### BRIEF
Would you copy out each line of the records below that includes the word "ticks"?

*** Opening DATA EXTRACT ***

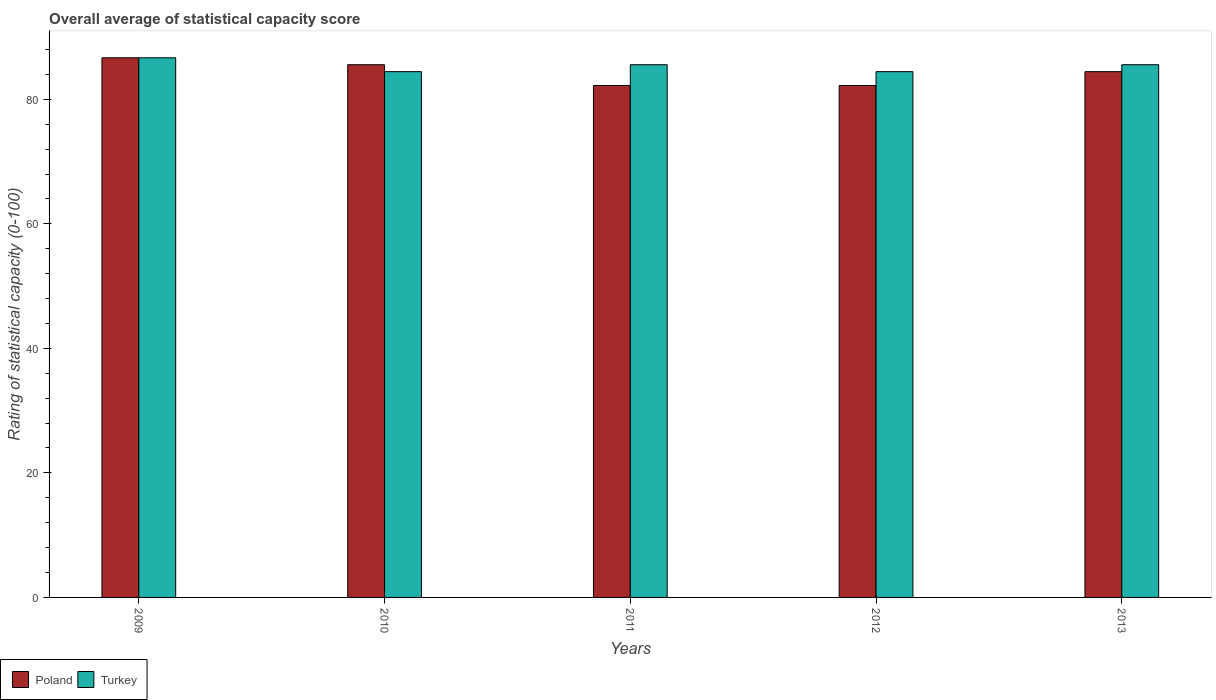How many bars are there on the 3rd tick from the left?
Provide a succinct answer. 2. What is the label of the 1st group of bars from the left?
Keep it short and to the point. 2009. In how many cases, is the number of bars for a given year not equal to the number of legend labels?
Keep it short and to the point. 0. What is the rating of statistical capacity in Turkey in 2013?
Your answer should be very brief. 85.56. Across all years, what is the maximum rating of statistical capacity in Turkey?
Provide a short and direct response. 86.67. Across all years, what is the minimum rating of statistical capacity in Poland?
Ensure brevity in your answer.  82.22. In which year was the rating of statistical capacity in Turkey maximum?
Your answer should be compact. 2009. In which year was the rating of statistical capacity in Poland minimum?
Provide a short and direct response. 2011. What is the total rating of statistical capacity in Poland in the graph?
Make the answer very short. 421.11. What is the difference between the rating of statistical capacity in Turkey in 2012 and that in 2013?
Your answer should be compact. -1.11. What is the difference between the rating of statistical capacity in Poland in 2010 and the rating of statistical capacity in Turkey in 2012?
Provide a short and direct response. 1.11. What is the average rating of statistical capacity in Poland per year?
Give a very brief answer. 84.22. In the year 2009, what is the difference between the rating of statistical capacity in Turkey and rating of statistical capacity in Poland?
Offer a terse response. 0. In how many years, is the rating of statistical capacity in Turkey greater than 76?
Ensure brevity in your answer.  5. What is the ratio of the rating of statistical capacity in Poland in 2009 to that in 2013?
Your response must be concise. 1.03. What is the difference between the highest and the second highest rating of statistical capacity in Turkey?
Give a very brief answer. 1.11. What is the difference between the highest and the lowest rating of statistical capacity in Poland?
Make the answer very short. 4.44. Is the sum of the rating of statistical capacity in Turkey in 2009 and 2013 greater than the maximum rating of statistical capacity in Poland across all years?
Your response must be concise. Yes. What does the 2nd bar from the right in 2011 represents?
Your answer should be compact. Poland. How many bars are there?
Give a very brief answer. 10. How many years are there in the graph?
Your answer should be very brief. 5. What is the difference between two consecutive major ticks on the Y-axis?
Offer a very short reply. 20. Are the values on the major ticks of Y-axis written in scientific E-notation?
Provide a succinct answer. No. How many legend labels are there?
Your response must be concise. 2. How are the legend labels stacked?
Provide a succinct answer. Horizontal. What is the title of the graph?
Offer a very short reply. Overall average of statistical capacity score. What is the label or title of the X-axis?
Your response must be concise. Years. What is the label or title of the Y-axis?
Your answer should be very brief. Rating of statistical capacity (0-100). What is the Rating of statistical capacity (0-100) in Poland in 2009?
Your response must be concise. 86.67. What is the Rating of statistical capacity (0-100) in Turkey in 2009?
Offer a terse response. 86.67. What is the Rating of statistical capacity (0-100) in Poland in 2010?
Make the answer very short. 85.56. What is the Rating of statistical capacity (0-100) of Turkey in 2010?
Your response must be concise. 84.44. What is the Rating of statistical capacity (0-100) of Poland in 2011?
Keep it short and to the point. 82.22. What is the Rating of statistical capacity (0-100) in Turkey in 2011?
Give a very brief answer. 85.56. What is the Rating of statistical capacity (0-100) of Poland in 2012?
Provide a short and direct response. 82.22. What is the Rating of statistical capacity (0-100) of Turkey in 2012?
Provide a short and direct response. 84.44. What is the Rating of statistical capacity (0-100) in Poland in 2013?
Offer a terse response. 84.44. What is the Rating of statistical capacity (0-100) of Turkey in 2013?
Provide a short and direct response. 85.56. Across all years, what is the maximum Rating of statistical capacity (0-100) in Poland?
Your response must be concise. 86.67. Across all years, what is the maximum Rating of statistical capacity (0-100) in Turkey?
Your answer should be very brief. 86.67. Across all years, what is the minimum Rating of statistical capacity (0-100) in Poland?
Your response must be concise. 82.22. Across all years, what is the minimum Rating of statistical capacity (0-100) in Turkey?
Make the answer very short. 84.44. What is the total Rating of statistical capacity (0-100) of Poland in the graph?
Your answer should be compact. 421.11. What is the total Rating of statistical capacity (0-100) of Turkey in the graph?
Your answer should be compact. 426.67. What is the difference between the Rating of statistical capacity (0-100) in Poland in 2009 and that in 2010?
Keep it short and to the point. 1.11. What is the difference between the Rating of statistical capacity (0-100) in Turkey in 2009 and that in 2010?
Your answer should be compact. 2.22. What is the difference between the Rating of statistical capacity (0-100) in Poland in 2009 and that in 2011?
Your response must be concise. 4.44. What is the difference between the Rating of statistical capacity (0-100) in Turkey in 2009 and that in 2011?
Keep it short and to the point. 1.11. What is the difference between the Rating of statistical capacity (0-100) in Poland in 2009 and that in 2012?
Your response must be concise. 4.44. What is the difference between the Rating of statistical capacity (0-100) in Turkey in 2009 and that in 2012?
Keep it short and to the point. 2.22. What is the difference between the Rating of statistical capacity (0-100) of Poland in 2009 and that in 2013?
Keep it short and to the point. 2.22. What is the difference between the Rating of statistical capacity (0-100) of Poland in 2010 and that in 2011?
Offer a terse response. 3.33. What is the difference between the Rating of statistical capacity (0-100) of Turkey in 2010 and that in 2011?
Give a very brief answer. -1.11. What is the difference between the Rating of statistical capacity (0-100) of Poland in 2010 and that in 2012?
Ensure brevity in your answer.  3.33. What is the difference between the Rating of statistical capacity (0-100) of Turkey in 2010 and that in 2012?
Offer a very short reply. 0. What is the difference between the Rating of statistical capacity (0-100) in Poland in 2010 and that in 2013?
Give a very brief answer. 1.11. What is the difference between the Rating of statistical capacity (0-100) of Turkey in 2010 and that in 2013?
Your response must be concise. -1.11. What is the difference between the Rating of statistical capacity (0-100) of Turkey in 2011 and that in 2012?
Your answer should be compact. 1.11. What is the difference between the Rating of statistical capacity (0-100) in Poland in 2011 and that in 2013?
Offer a terse response. -2.22. What is the difference between the Rating of statistical capacity (0-100) in Turkey in 2011 and that in 2013?
Your answer should be compact. -0. What is the difference between the Rating of statistical capacity (0-100) of Poland in 2012 and that in 2013?
Make the answer very short. -2.22. What is the difference between the Rating of statistical capacity (0-100) of Turkey in 2012 and that in 2013?
Ensure brevity in your answer.  -1.11. What is the difference between the Rating of statistical capacity (0-100) in Poland in 2009 and the Rating of statistical capacity (0-100) in Turkey in 2010?
Provide a succinct answer. 2.22. What is the difference between the Rating of statistical capacity (0-100) of Poland in 2009 and the Rating of statistical capacity (0-100) of Turkey in 2011?
Keep it short and to the point. 1.11. What is the difference between the Rating of statistical capacity (0-100) in Poland in 2009 and the Rating of statistical capacity (0-100) in Turkey in 2012?
Provide a succinct answer. 2.22. What is the difference between the Rating of statistical capacity (0-100) of Poland in 2009 and the Rating of statistical capacity (0-100) of Turkey in 2013?
Your answer should be very brief. 1.11. What is the difference between the Rating of statistical capacity (0-100) in Poland in 2010 and the Rating of statistical capacity (0-100) in Turkey in 2011?
Offer a very short reply. 0. What is the difference between the Rating of statistical capacity (0-100) in Poland in 2010 and the Rating of statistical capacity (0-100) in Turkey in 2012?
Offer a terse response. 1.11. What is the difference between the Rating of statistical capacity (0-100) in Poland in 2010 and the Rating of statistical capacity (0-100) in Turkey in 2013?
Give a very brief answer. 0. What is the difference between the Rating of statistical capacity (0-100) in Poland in 2011 and the Rating of statistical capacity (0-100) in Turkey in 2012?
Provide a short and direct response. -2.22. What is the difference between the Rating of statistical capacity (0-100) of Poland in 2011 and the Rating of statistical capacity (0-100) of Turkey in 2013?
Provide a short and direct response. -3.33. What is the difference between the Rating of statistical capacity (0-100) in Poland in 2012 and the Rating of statistical capacity (0-100) in Turkey in 2013?
Your answer should be compact. -3.33. What is the average Rating of statistical capacity (0-100) in Poland per year?
Your answer should be very brief. 84.22. What is the average Rating of statistical capacity (0-100) in Turkey per year?
Provide a succinct answer. 85.33. In the year 2009, what is the difference between the Rating of statistical capacity (0-100) in Poland and Rating of statistical capacity (0-100) in Turkey?
Ensure brevity in your answer.  0. In the year 2010, what is the difference between the Rating of statistical capacity (0-100) in Poland and Rating of statistical capacity (0-100) in Turkey?
Provide a short and direct response. 1.11. In the year 2011, what is the difference between the Rating of statistical capacity (0-100) of Poland and Rating of statistical capacity (0-100) of Turkey?
Your response must be concise. -3.33. In the year 2012, what is the difference between the Rating of statistical capacity (0-100) in Poland and Rating of statistical capacity (0-100) in Turkey?
Your answer should be compact. -2.22. In the year 2013, what is the difference between the Rating of statistical capacity (0-100) of Poland and Rating of statistical capacity (0-100) of Turkey?
Ensure brevity in your answer.  -1.11. What is the ratio of the Rating of statistical capacity (0-100) of Turkey in 2009 to that in 2010?
Keep it short and to the point. 1.03. What is the ratio of the Rating of statistical capacity (0-100) of Poland in 2009 to that in 2011?
Offer a very short reply. 1.05. What is the ratio of the Rating of statistical capacity (0-100) of Turkey in 2009 to that in 2011?
Make the answer very short. 1.01. What is the ratio of the Rating of statistical capacity (0-100) of Poland in 2009 to that in 2012?
Provide a short and direct response. 1.05. What is the ratio of the Rating of statistical capacity (0-100) of Turkey in 2009 to that in 2012?
Your response must be concise. 1.03. What is the ratio of the Rating of statistical capacity (0-100) in Poland in 2009 to that in 2013?
Your answer should be compact. 1.03. What is the ratio of the Rating of statistical capacity (0-100) of Turkey in 2009 to that in 2013?
Your response must be concise. 1.01. What is the ratio of the Rating of statistical capacity (0-100) in Poland in 2010 to that in 2011?
Your response must be concise. 1.04. What is the ratio of the Rating of statistical capacity (0-100) in Turkey in 2010 to that in 2011?
Make the answer very short. 0.99. What is the ratio of the Rating of statistical capacity (0-100) of Poland in 2010 to that in 2012?
Ensure brevity in your answer.  1.04. What is the ratio of the Rating of statistical capacity (0-100) in Poland in 2010 to that in 2013?
Offer a very short reply. 1.01. What is the ratio of the Rating of statistical capacity (0-100) of Turkey in 2010 to that in 2013?
Give a very brief answer. 0.99. What is the ratio of the Rating of statistical capacity (0-100) of Turkey in 2011 to that in 2012?
Give a very brief answer. 1.01. What is the ratio of the Rating of statistical capacity (0-100) in Poland in 2011 to that in 2013?
Your answer should be very brief. 0.97. What is the ratio of the Rating of statistical capacity (0-100) of Turkey in 2011 to that in 2013?
Your response must be concise. 1. What is the ratio of the Rating of statistical capacity (0-100) of Poland in 2012 to that in 2013?
Provide a succinct answer. 0.97. What is the difference between the highest and the second highest Rating of statistical capacity (0-100) in Poland?
Provide a succinct answer. 1.11. What is the difference between the highest and the lowest Rating of statistical capacity (0-100) in Poland?
Offer a very short reply. 4.44. What is the difference between the highest and the lowest Rating of statistical capacity (0-100) of Turkey?
Provide a short and direct response. 2.22. 
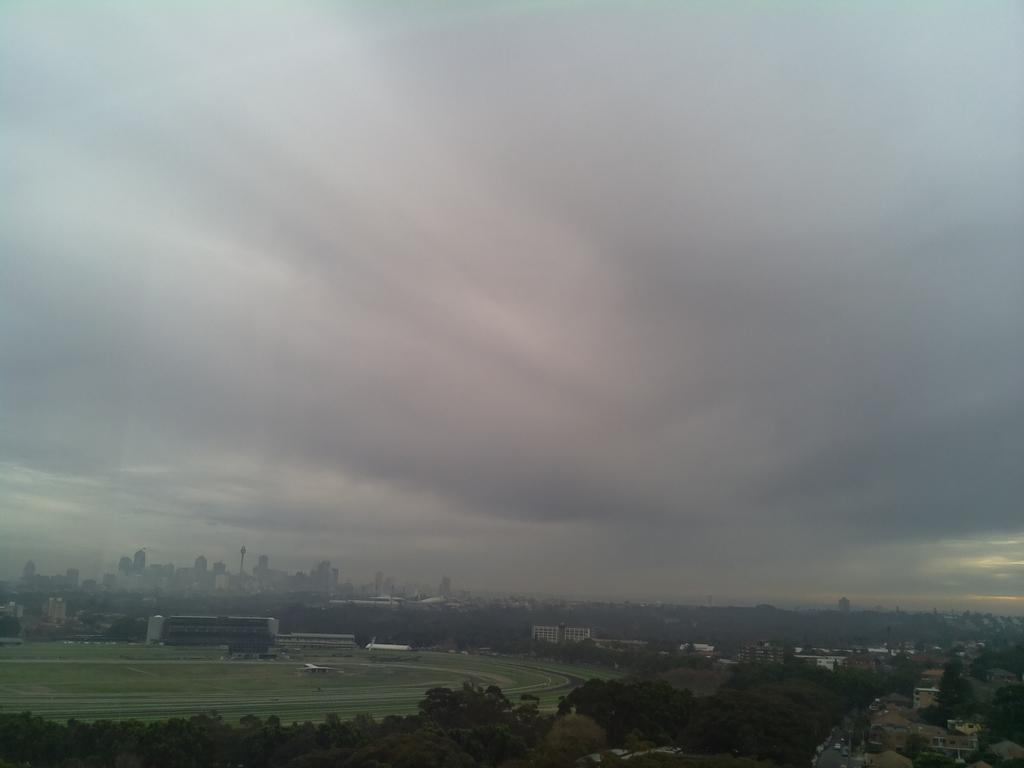What type of natural elements can be seen in the image? There are trees in the image. What type of man-made structures are visible in the image? There are buildings in the image. What is visible in the background of the image? The sky is visible in the background of the image. What can be seen in the sky? Clouds are present in the sky. Can you tell me how many cords are hanging from the trees in the image? There are no cords hanging from the trees in the image; only trees, buildings, and clouds are present. What type of men can be seen interacting with the clams in the image? There are no men or clams present in the image.

*** Closing DATA EXTRACT ***

### WRITTEN ANSWER
Your answer should be very brief. 5. What is the difference between two consecutive major ticks on the Y-axis?
Offer a very short reply. 20. Are the values on the major ticks of Y-axis written in scientific E-notation?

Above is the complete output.